I want to add another level of operational indirection to support type generators. The literal is derived from an expression is instantiated operationally from some parameterized representation and a set of parameter arguments.

> > The catalog representation must suffice to derive the appropriate
relation
> > literal, of course.
>
> Agreed. Including the rule that each poss rep for a type has the same
number
> of values, and has one value per type value.

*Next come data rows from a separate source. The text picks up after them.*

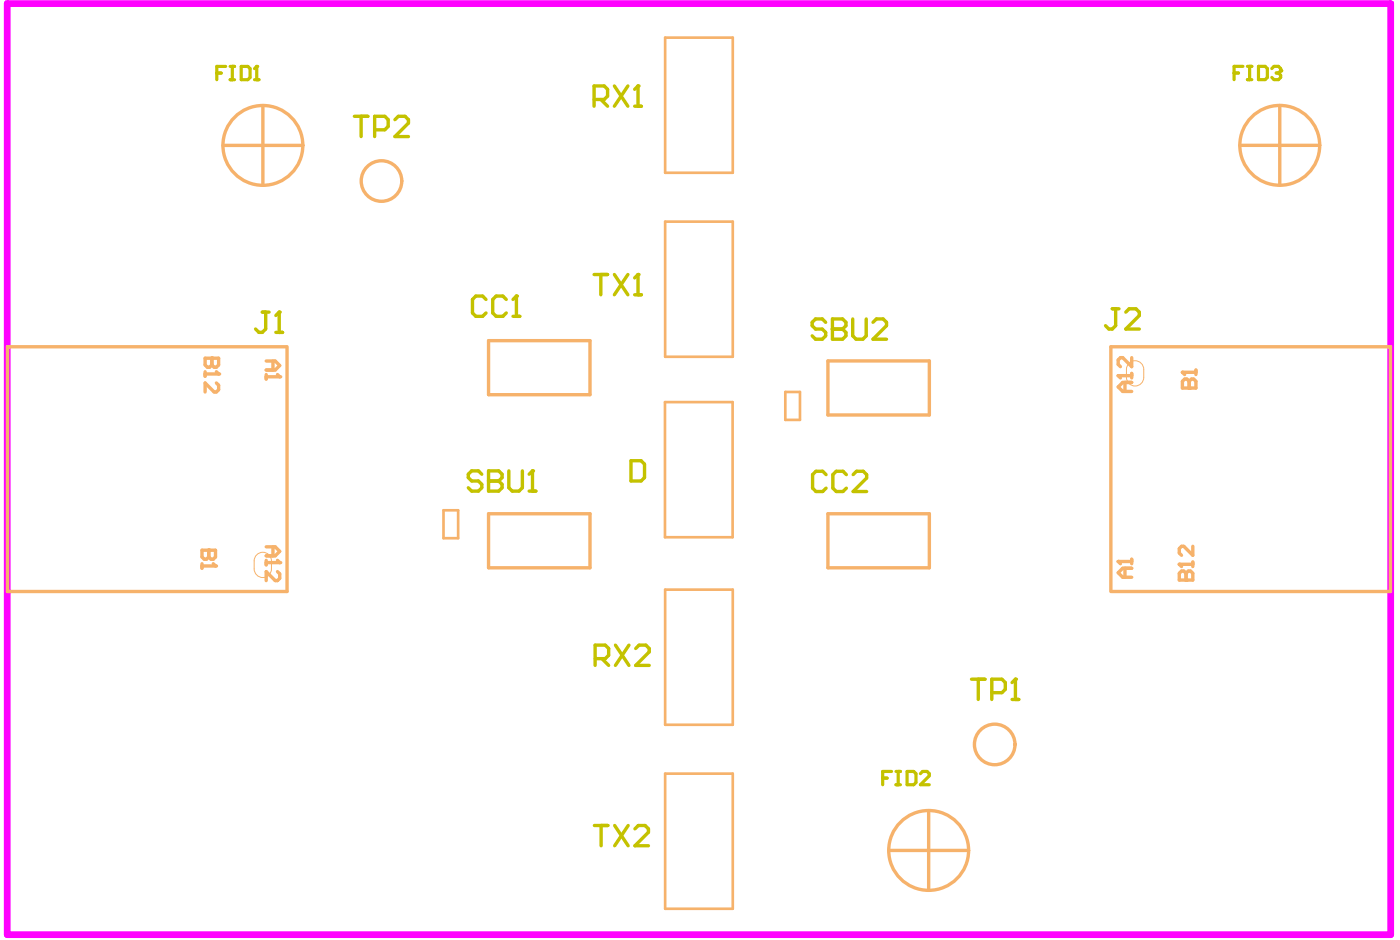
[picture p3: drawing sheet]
<svg xmlns="http://www.w3.org/2000/svg" width="175mm" height="117mm" viewBox="0 0 175 117" stroke-linecap="round" stroke-linejoin="round" font-family="sans-serif">
<path d="M.9 .5h172.9v116.3h-172.9z" fill="none" stroke="#f0f" stroke-width=".84"/>
<path d="M140.8 46.2v1M143 46.2v1M31.8 70.1v1M33.9 70.1v1" fill="none" stroke="#f6b26b" stroke-width=".12"/>
<path d="M83.1 4.7h8.5v16.9h-8.5zM83.1 27.7h8.5v16.9h-8.5zM83.1 50.3h8.5v16.8h-8.5zM98.2 49h1.8v3.5h-1.8zM55.4 63.8h1.9v3.5h-1.9zM83.1 73.7h8.5v16.9h-8.5zM83.1 96.7h8.5v16.9h-8.5z" fill="none" stroke="#f6b26b" stroke-width=".33"/>
<g fill="none" stroke="#f6b26b" stroke-width=".42">
<path d="M27.9 18.2h9.9M32.9 13.2v10M155 18.2h9.9M160 13.2v10M35.8 43.3h-34.9v30.6h35v-30.6M61.1 42.6h12.6v6.7h-12.6zM103.5 45.1h12.7v6.8h-12.7zM26.1 68.8v.8l-.3 .3h-.3l-.3-.3v-.8h1.7M61.1 64.2h12.6v6.8h-12.6zM103.5 64.2h12.7v6.8h-12.7zM138.8 73.9v-30.6h35v30.6h-34.9M111.1 106.3h10"/>
<path d="M116.1 101.3v10"/>
</g>
<circle cx="26.1" cy="68.8" r=".21" fill="#f6b26b"/>
<path d="M25.2 70.5v.5M25.2 70.7h1.7M26.1 68.8v.8l.3 .3h.3l.2-.3v-.8" fill="none" stroke="#f6b26b" stroke-width=".42"/>
<circle cx="26.9" cy="70.7" r=".21" fill="#f6b26b"/>
<path d="M26.7 70.5l.2 .2M33.3 68.3h1.1l.6 .6-.6 .6h-1.1M33.3 70v.6M33.3 70.3h1.7M34.1 68.3v1.2" fill="none" stroke="#f6b26b" stroke-width=".42"/>
<circle cx="35" cy="70.3" r=".21" fill="#f6b26b"/>
<path d="M34.7 70l.3 .3M34.7 71.4l.3 .3v.6l-.3 .3h-.3l-1.1-1.2v1.2M139.8 70.2h1.6M140.6 71v1.1M141.4 71h-1.1l-.5 .6 .5 .5h1.1M141.4 69.9v.6" fill="none" stroke="#f6b26b" stroke-width=".42"/>
<circle cx="139.8" cy="70.2" r=".21" fill="#f6b26b"/>
<path d="M139.8 70.2l.2 .3M147.4 72.5h1.7v-.9l-.3-.2h-.3l-.3 .2v.9" fill="none" stroke="#f6b26b" stroke-width=".42"/>
<circle cx="148.2" cy="72.5" r=".21" fill="#f6b26b"/>
<path d="M147.4 72.5v-.9l.3-.2h.3l.2 .2v.9M147.4 70.5h1.7M149.1 70.2v.6" fill="none" stroke="#f6b26b" stroke-width=".42"/>
<circle cx="147.4" cy="70.5" r=".21" fill="#f6b26b"/>
<path d="M26.5 44.8v.8l-.3 .3h-.3l-.3-.3v-.8h1.7M147.4 70.5l.3 .3M149.1 68.3v1.1l-1.1-1.1h-.3l-.3 .3v.5l.3 .3" fill="none" stroke="#f6b26b" stroke-width=".42"/>
<circle cx="26.5" cy="44.8" r=".21" fill="#f6b26b"/>
<path d="M25.6 46.5v.5M25.6 46.7h1.7M26.5 44.8v.8l.3 .3h.2l.3-.3v-.8" fill="none" stroke="#f6b26b" stroke-width=".42"/>
<circle cx="27.3" cy="46.7" r=".21" fill="#f6b26b"/>
<path d="M27 46.5l.3 .2M27 47.9l.3 .2v.6l-.3 .3h-.2l-1.2-1.1v1.1M33.3 45.1h1.1l.6 .6-.6 .5h-1.1M33.3 46.8v.6M33.3 47.1h1.7M34.1 45.1v1.1" fill="none" stroke="#f6b26b" stroke-width=".42"/>
<circle cx="35" cy="47.1" r=".21" fill="#f6b26b"/>
<path d="M34.7 46.8l.3 .3M139.8 46.9h1.6M140.6 47.8v1.1M141.4 47.8h-1.1l-.5 .6 .5 .5h1.1M141.4 46.7v.5" fill="none" stroke="#f6b26b" stroke-width=".42"/>
<circle cx="139.8" cy="46.9" r=".21" fill="#f6b26b"/>
<path d="M139.8 46.9l.2 .3M141.4 44.7v1.1l-1.1-1.1h-.3l-.2 .3v.5l.2 .3M147.8 48.5h1.7v-.8l-.3-.3h-.3l-.3 .3v.8" fill="none" stroke="#f6b26b" stroke-width=".42"/>
<circle cx="148.6" cy="48.5" r=".21" fill="#f6b26b"/>
<path d="M147.8 48.5v-.8l.3-.3h.2l.3 .3v.8M147.8 46.5h1.7M149.5 46.2v.6" fill="none" stroke="#f6b26b" stroke-width=".42"/>
<circle cx="147.8" cy="46.5" r=".21" fill="#f6b26b"/>
<g fill="none" stroke="#f6b26b" stroke-width=".42">
<path d="M147.8 46.5l.3 .3"/>
<circle cx="32.9" cy="18.2" r="5"/>
<circle cx="160" cy="18.2" r="5"/>
<circle cx="47.7" cy="22.6" r="2.53"/>
<circle cx="124.3" cy="93" r="2.53"/>
<circle cx="116.1" cy="106.3" r="5"/>
</g>
<path d="M140.8 47.2a1.08 1.08 0 0 0 1.1 1 1.08 1.08 0 0 0 1.1-1M140.8 46.2a1.08 1.08 0 0 1 1.1-1.1 1.08 1.08 0 0 1 1.1 1.1M31.8 71.1a1.08 1.08 0 0 0 1 1.1 1.08 1.08 0 0 0 1.1-1.1M31.8 70.1a1.08 1.08 0 0 1 1-1.1 1.08 1.08 0 0 1 1.1 1.1" fill="none" stroke="#f6b26b" stroke-width=".12"/>
<path d="M32.8 39h.8M33.2 39v2.1l-.4 .4h-.4l-.5-.4M34.9 39v2.5M34.5 41.5h.8" fill="none" stroke="#c4c200" stroke-width=".42"/>
<circle cx="34.9" cy="39" r=".21" fill="#c4c200"/>
<g fill="none" stroke="#c4c200" stroke-width=".42">
<path d="M44.3 14.5h1.7M45.1 14.5v2.6M46.8 16.2h1.3l.4-.4v-.8l-.4-.5h-1.3v2.6M49.4 15l.4-.5h.8l.4 .5v.4l-1.6 1.7h1.6M34.9 39l-.4 .4M74.3 34.3h1.6M75.1 34.3v2.5M76.8 34.3l1.7 2.5M78.5 34.3l-1.7 2.5M79.3 36.8h.9M79.7 34.3v2.5M139 38.6h.9"/>
<path d="M139.4 38.6v2.1l-.4 .4h-.4l-.4-.4M140.7 39l.4-.4h.9l.4 .4v.4l-1.7 1.7h1.7M78.9 57.6h1.2l.5 .4v1.7l-.5 .4h-1.2zM74.3 103.2h1.7M75.1 103.2v2.5M76.8 103.2l1.7 2.5M78.5 103.2l-1.7 2.5M79.4 103.6l.4-.4h.8l.4 .4v.4l-1.6 1.7h1.6"/>
</g>
<circle cx="79.7" cy="34.3" r=".21" fill="#c4c200"/>
<path d="M79.7 34.3l-.4 .4" fill="none" stroke="#c4c200" stroke-width=".42"/>
<path d="M154.2 9.1h.6M155.4 8.3h-1.2v1.7M155.9 8.3h.6M155.9 10h.6M156.2 8.3v1.7M157.3 8.3h.8l.3 .3v1.1l-.3 .3h-.8zM159 8.6l.2-.3h.6l.3 .3v.2" fill="none" stroke="#c4c200" stroke-width=".4"/>
<circle cx="160.1" cy="8.8" r=".2" fill="#c4c200"/>
<path d="M159.5 9.1h.3M159.8 9.1l.3 .3v.3l-.3 .3h-.6l-.2-.3M160.1 8.8l-.3 .3" fill="none" stroke="#c4c200" stroke-width=".4"/>
<path d="M74.3 12.4h1.2l.4-.4v-.8l-.4-.5h-1.2v2.6M75.1 12.4l.8 .9M76.8 10.7l1.7 2.6M78.5 10.7l-1.7 2.6M79.3 13.3h.9M79.7 10.7v2.6M74.4 82.3h1.3l.4-.4v-.9l-.4-.4h-1.3v2.6M75.2 82.3l.9 .9M76.9 80.6l1.7 2.6M78.6 80.6l-1.7 2.6M79.5 81l.4-.4h.8l.4 .4v.5l-1.6 1.7h1.6" fill="none" stroke="#c4c200" stroke-width=".42"/>
<circle cx="79.7" cy="10.7" r=".21" fill="#c4c200"/>
<path d="M79.7 10.7l-.4 .5M104 39.9v2.5h1.3l.4-.4v-.5l-.4-.4h-1.3M103.2 40.3l-.4-.4h-.9l-.4 .4v.4l.4 .4h.9l.4 .4v.5l-.4 .4h-.9l-.4-.4M103.2 59.3l-.4-.4h-.8l-.4 .4v1.7l.4 .4h.8l.4-.4M105.8 59.3l-.4-.4h-.9l-.4 .4v1.7l.4 .4h.9l.4-.4M106.6 59.3l.5-.4h.8l.4 .4v.4l-1.7 1.7h1.7" fill="none" stroke="#c4c200" stroke-width=".42"/>
<circle cx="104" cy="41.1" r=".21" fill="#c4c200"/>
<path d="M104 39.9h1.3l.4 .4v.4l-.4 .4h-1.3M106.6 39.9v2.1l.4 .4h.8l.5-.4v-2.1M109.1 40.3l.4-.4h.9l.4 .4v.4l-1.7 1.7h1.7M121.4 84.9h1.7M122.3 84.9v2.5M124 86.6h1.2l.4-.5v-.8l-.4-.4h-1.2v2.5M126.5 87.4h.8M126.9 84.9v2.5" fill="none" stroke="#c4c200" stroke-width=".42"/>
<circle cx="126.9" cy="84.9" r=".21" fill="#c4c200"/>
<path d="M126.9 84.9l-.4 .4" fill="none" stroke="#c4c200" stroke-width=".42"/>
<path d="M27.1 9.1h.6M28.2 8.3h-1.1v1.7M28.8 8.3h.5M28.8 10h.5M29 8.3v1.7M30.1 8.3h.9l.3 .3v1.1l-.3 .3h-.9zM31.8 10h.6M32.1 8.3v1.7" fill="none" stroke="#c4c200" stroke-width=".4"/>
<circle cx="32.1" cy="8.3" r=".2" fill="#c4c200"/>
<path d="M32.1 8.3l-.3 .3M110.3 97.2h.6M111.4 96.4h-1.1v1.7M112 96.4h.5M112 98.1h.5M112.3 96.4v1.7M113.4 96.4h.8l.3 .3v1.1l-.3 .3h-.8zM115 96.7l.3-.3h.6l.2 .3v.3l-1.1 1.1h1.1" fill="none" stroke="#c4c200" stroke-width=".4"/>
<path d="M60.2 59.3l-.4-.5h-.9l-.4 .5v.4l.4 .4h.9l.4 .4v.5l-.4 .4h-.9l-.4-.4M61.1 58.8v2.6h1.2l.5-.4v-.5l-.5-.4h-1.2" fill="none" stroke="#c4c200" stroke-width=".42"/>
<circle cx="61.1" cy="60.1" r=".21" fill="#c4c200"/>
<path d="M61.1 58.8h1.2l.5 .5v.4l-.5 .4h-1.2M63.6 58.8v2.2l.4 .4h.9l.4-.4v-2.2M66.6 58.8v2.6M66.1 61.4h.9" fill="none" stroke="#c4c200" stroke-width=".42"/>
<circle cx="66.6" cy="58.8" r=".21" fill="#c4c200"/>
<path d="M60.7 37.4l-.4-.4h-.8l-.4 .4v1.7l.4 .4h.8l.4-.4M63.3 37.4l-.4-.4h-.9l-.4 .4v1.7l.4 .4h.9l.4-.4M64.1 39.5h.9M64.5 37v2.5M66.6 58.8l-.5 .5" fill="none" stroke="#c4c200" stroke-width=".42"/>
<circle cx="64.5" cy="37" r=".21" fill="#c4c200"/>
<path d="M64.5 37l-.4 .4" fill="none" stroke="#c4c200" stroke-width=".42"/>
</svg>

I disagree. Whether there is a 1:1 correspondence between values of implemented types is a choice of the type designer.

> > > [snip]
> > > > I suggest changing the focus from using expressions to define the
set of
> > > > values as a relational literal to using expressions to describe the
> > possible
> > > > representations etc.
> > >
> > > Same thing (if the expressions are non "parameterized")
> > >
> > > > From a description of the possible representations, one
> > > > can derive or generate an expression to define the set of values. A
> > > > parameterized type would use a parameterized expression for the
possible
> > > > representation etc.
> > >
> > > Sounds reasonable. What we need is the definition of a Relational
> > Expression
> > > as a data type. What are some plausible possible representations of
> > Relational
> > > Expressions? Are parameterised REs a super-type of a REs?
> >
> > Parameterised REs are types with operations that result in REs.
>
> Agreed.
>
> [snip]
> > > Agreed. I wonder if <TCLOSE> should be replaced with generalised
> > recursion?
> >
> > TTM has recursion as a relational prescription.
>
> True. Which must therefore be an extension of their algebra (assuming that
> <TCLOSE> cannot be used to do generalised recursion), unless they say that
D
> does the recursion rather than the algebra.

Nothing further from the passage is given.